Find the full program on GitHub.

Bash does have associative arrays, but no easy way do multidimensional
arrays. But we can use a trick. Each of our nodes is exactly one character,
so in this case, we can simulate 2-d indices by concatenating both
coordinates.

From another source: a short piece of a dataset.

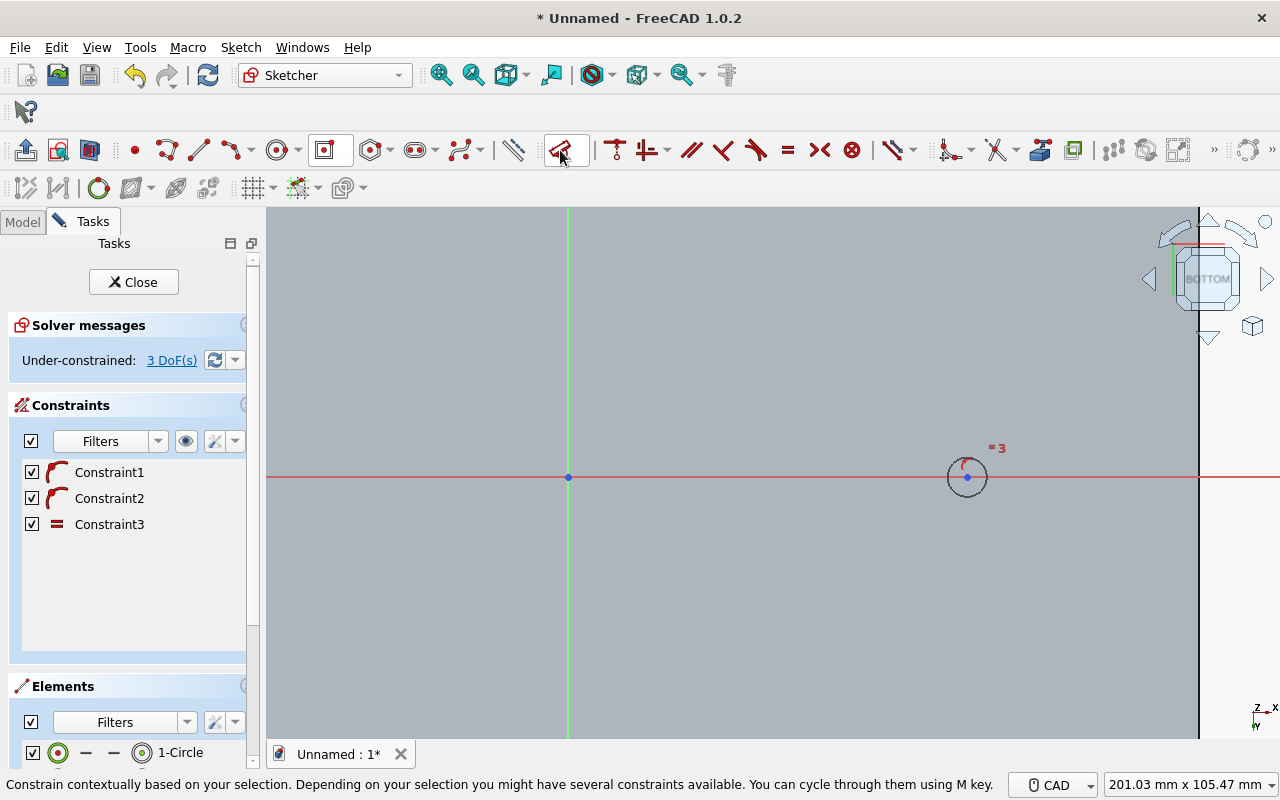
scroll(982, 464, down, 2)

And since in Bash, concatenation is done by just sticking
tokens together, instead of writing `graph [x] [y]`

or `graph [x, y]`

,
we will write `graph[$x$y]`

.

We have to declare we're using associative arrays:

```
declare -A nodes
declare -A graph
```

Reading in a line from `stdin`

, splitting them on whitespace, and then
placing the results in an array `strings`

:

```
while read -a strings
```

We can now parse the data, and build our graph:

```
for string in ${strings[@]}
do first=${string:0:1}
last=${string:$((${#string}-1)):1}
nodes[$first]=1
nodes[$last]=1
graph[$first$last]=1
done
```

Note the way to get substrings in Bash: `${string:P:L}`

which is
the substring of `string`

from position `P`

and length `L`

. To get
the length of a string, we use the syntax `${#string}`

.

`${array[@]}`

expands the array `array`

to a list of tokens, each
token a value of the array. `${!array[@]}`

does the same, but
then for the keys of the array. (This is more or less equivalent to
`values @array`

(or `values %hash`

) and `keys @array`

(or `keys %hash`

)
in Perl.)

We can now apply Floyd-Warshall:

```
for k in ${!nodes[@]}
do for i in ${!nodes[@]}
do for j in ${!nodes[@]}
do if [ X${graph[$k$j]} == X1 -a \
X${graph[$i$k]} == X1 ]
then graph[$i$j]=1
fi
done
done
done
```

And finding the answer:

```
out=0
for i in ${!nodes[@]}
do if [ X${graph[$i$i]} == X1 ]
then out=1
fi
done
echo $out
```

Find the full program on GitHub.

We also have implementations in Node.js, Python, and Ruby. They're all similar to the AWK or Lua solution above.